# Provided records:
*** Begin section ***
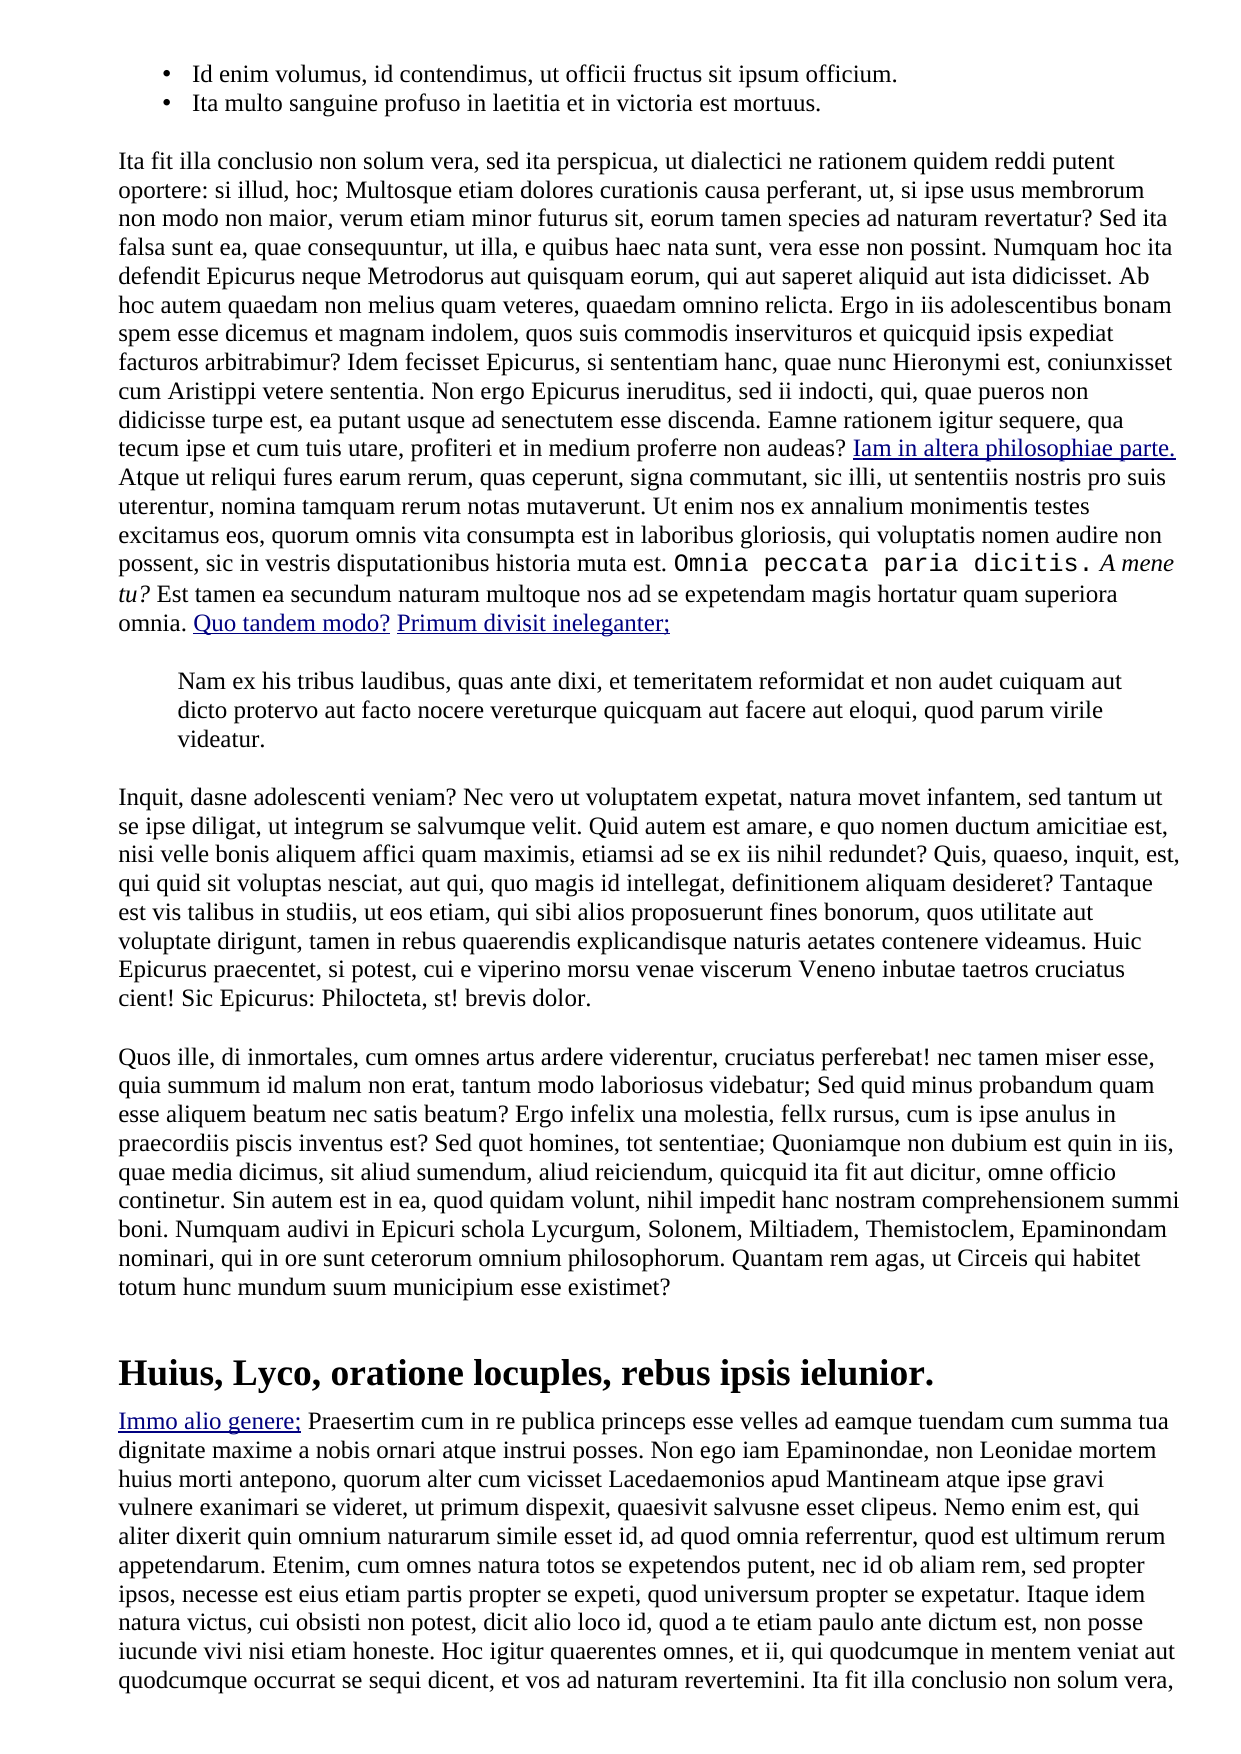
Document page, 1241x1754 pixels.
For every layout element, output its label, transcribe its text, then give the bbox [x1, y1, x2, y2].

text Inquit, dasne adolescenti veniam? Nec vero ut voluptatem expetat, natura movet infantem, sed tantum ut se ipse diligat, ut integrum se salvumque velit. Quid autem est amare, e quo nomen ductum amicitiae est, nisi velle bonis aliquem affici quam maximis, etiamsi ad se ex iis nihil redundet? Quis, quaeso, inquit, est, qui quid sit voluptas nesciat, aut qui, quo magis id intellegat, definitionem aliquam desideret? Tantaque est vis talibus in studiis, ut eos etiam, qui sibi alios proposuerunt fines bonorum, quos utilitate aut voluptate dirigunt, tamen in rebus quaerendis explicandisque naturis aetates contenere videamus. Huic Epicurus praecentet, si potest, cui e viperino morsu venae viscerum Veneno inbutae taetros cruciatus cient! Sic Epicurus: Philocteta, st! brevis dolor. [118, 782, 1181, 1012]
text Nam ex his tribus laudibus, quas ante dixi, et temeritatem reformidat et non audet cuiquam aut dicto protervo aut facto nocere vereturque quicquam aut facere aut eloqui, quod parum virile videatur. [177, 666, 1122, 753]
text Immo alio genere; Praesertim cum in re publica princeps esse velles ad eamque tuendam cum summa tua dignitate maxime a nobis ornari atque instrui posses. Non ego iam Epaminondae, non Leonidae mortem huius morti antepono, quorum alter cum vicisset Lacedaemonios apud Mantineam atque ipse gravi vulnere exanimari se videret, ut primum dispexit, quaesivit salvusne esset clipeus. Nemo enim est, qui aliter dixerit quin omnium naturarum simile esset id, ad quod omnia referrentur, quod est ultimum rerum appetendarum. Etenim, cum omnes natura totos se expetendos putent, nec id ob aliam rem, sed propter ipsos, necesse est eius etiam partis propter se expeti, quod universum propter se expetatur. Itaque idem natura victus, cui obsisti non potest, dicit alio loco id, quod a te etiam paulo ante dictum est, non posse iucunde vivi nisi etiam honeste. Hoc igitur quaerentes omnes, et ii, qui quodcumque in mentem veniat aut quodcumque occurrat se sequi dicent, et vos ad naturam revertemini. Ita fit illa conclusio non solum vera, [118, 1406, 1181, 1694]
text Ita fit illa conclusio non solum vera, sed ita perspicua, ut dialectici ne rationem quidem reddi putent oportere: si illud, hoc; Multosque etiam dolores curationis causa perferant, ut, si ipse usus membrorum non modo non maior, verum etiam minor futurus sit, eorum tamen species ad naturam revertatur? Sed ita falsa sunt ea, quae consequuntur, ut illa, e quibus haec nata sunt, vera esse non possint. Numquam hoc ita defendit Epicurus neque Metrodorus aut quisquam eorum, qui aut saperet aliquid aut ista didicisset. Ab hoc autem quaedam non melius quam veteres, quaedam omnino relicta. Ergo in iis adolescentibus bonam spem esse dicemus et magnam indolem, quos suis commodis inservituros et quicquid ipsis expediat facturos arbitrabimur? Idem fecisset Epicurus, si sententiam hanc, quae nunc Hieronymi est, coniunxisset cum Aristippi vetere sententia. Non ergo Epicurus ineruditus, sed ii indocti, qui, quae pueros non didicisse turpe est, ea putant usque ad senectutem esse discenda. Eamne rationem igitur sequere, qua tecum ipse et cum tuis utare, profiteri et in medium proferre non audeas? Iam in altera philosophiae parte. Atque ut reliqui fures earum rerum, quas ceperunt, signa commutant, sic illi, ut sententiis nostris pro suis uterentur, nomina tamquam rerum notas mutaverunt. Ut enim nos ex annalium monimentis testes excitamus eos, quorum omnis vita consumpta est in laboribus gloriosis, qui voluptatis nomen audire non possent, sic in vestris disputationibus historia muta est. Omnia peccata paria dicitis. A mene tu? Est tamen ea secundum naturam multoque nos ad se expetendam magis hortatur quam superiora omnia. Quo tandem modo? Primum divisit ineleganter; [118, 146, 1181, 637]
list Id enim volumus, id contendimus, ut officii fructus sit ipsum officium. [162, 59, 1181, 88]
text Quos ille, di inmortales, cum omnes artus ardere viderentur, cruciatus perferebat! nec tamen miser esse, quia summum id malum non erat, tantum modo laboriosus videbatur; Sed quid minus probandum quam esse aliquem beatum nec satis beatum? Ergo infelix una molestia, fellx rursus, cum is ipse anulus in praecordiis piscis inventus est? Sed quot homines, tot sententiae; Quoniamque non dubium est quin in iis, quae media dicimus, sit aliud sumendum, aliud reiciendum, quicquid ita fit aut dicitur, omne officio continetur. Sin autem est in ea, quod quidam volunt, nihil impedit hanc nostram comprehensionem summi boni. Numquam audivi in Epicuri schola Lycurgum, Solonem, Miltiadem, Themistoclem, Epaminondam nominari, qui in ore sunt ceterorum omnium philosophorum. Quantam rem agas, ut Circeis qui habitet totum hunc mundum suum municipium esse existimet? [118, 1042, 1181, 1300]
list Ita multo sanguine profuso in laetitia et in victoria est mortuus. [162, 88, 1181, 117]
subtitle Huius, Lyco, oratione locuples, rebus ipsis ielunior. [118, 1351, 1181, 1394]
*** End section ***
*** Begin section ***
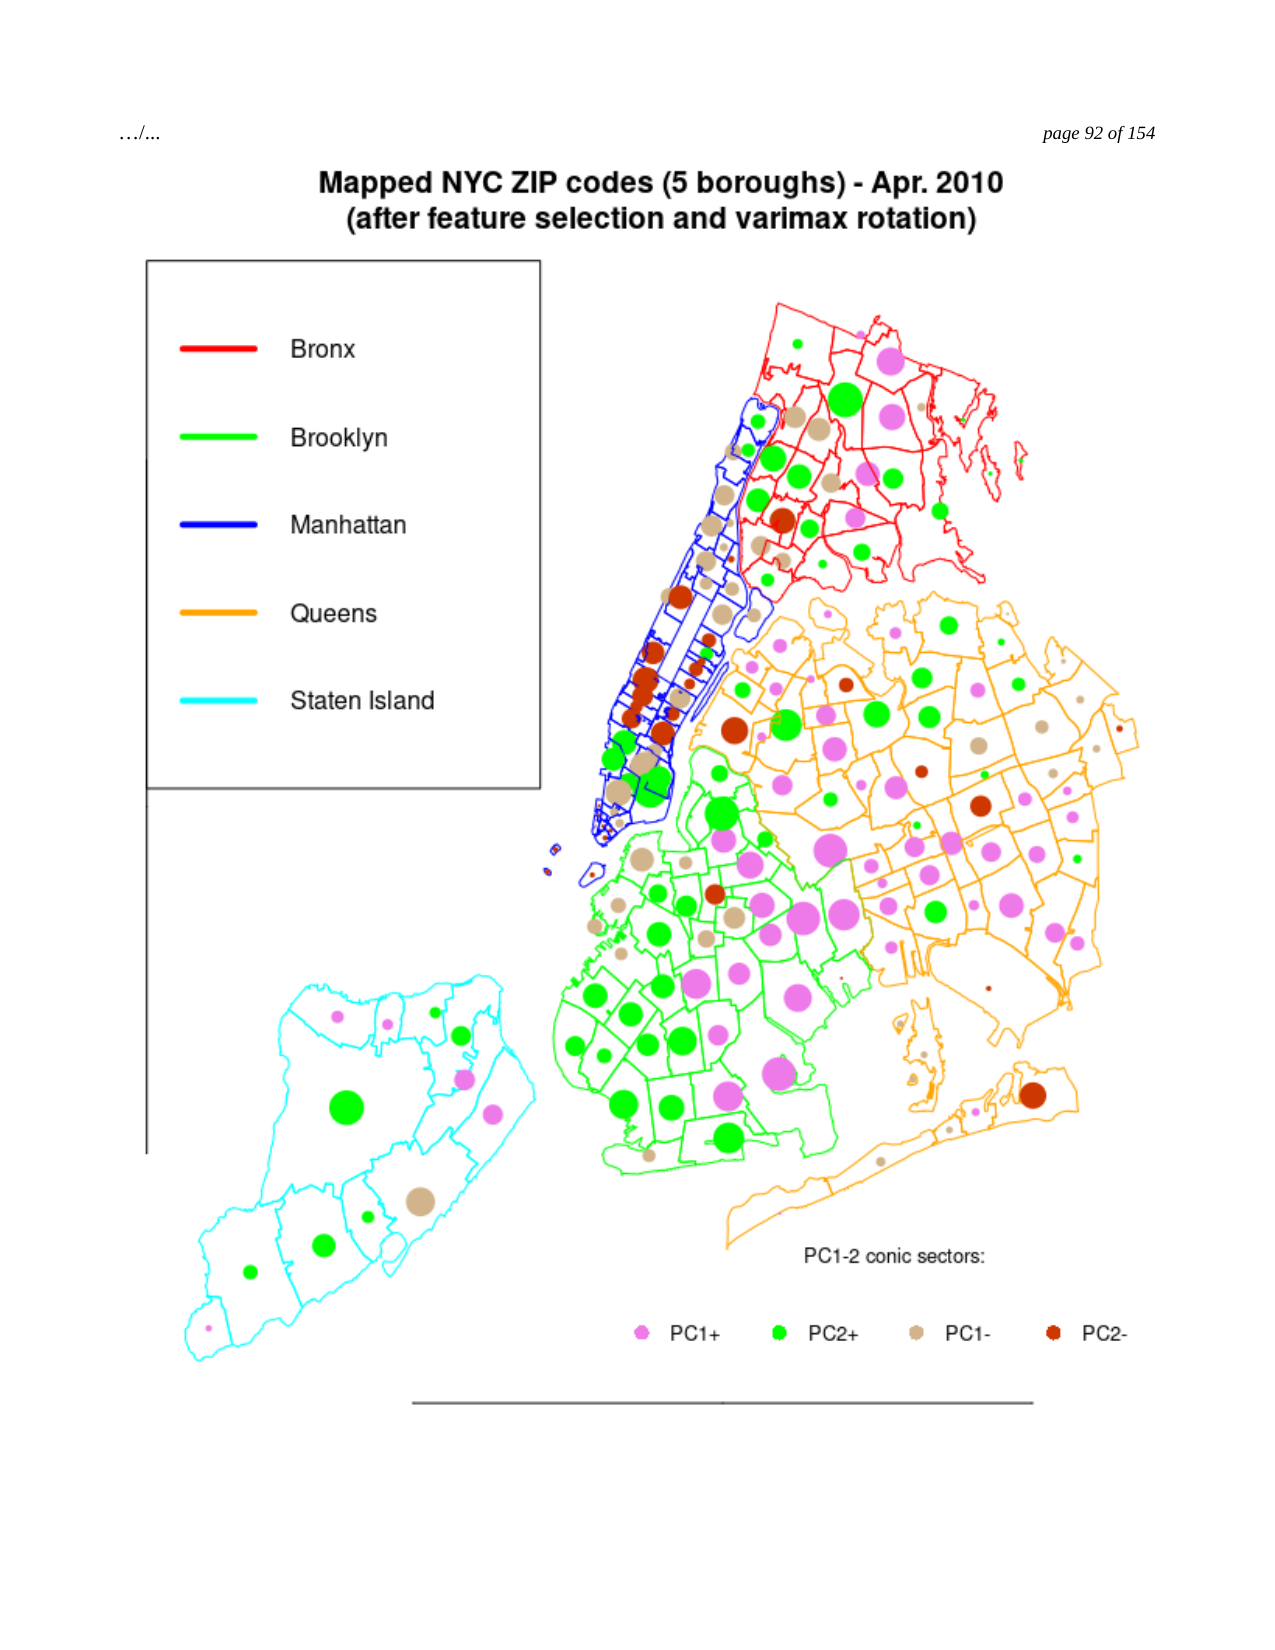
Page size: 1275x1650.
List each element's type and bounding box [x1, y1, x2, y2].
*** End section ***
# Directions for this task:
Where the listing above reaches the line that contains "Page size: 1275x1650.", start retyping, and finish with the line that contains "List each element's"; reproduce those lines exactly and no others.

# Result of this task:
Page size: 1275x1650.
List each element's type and bounding box [x1, y1, x2, y2].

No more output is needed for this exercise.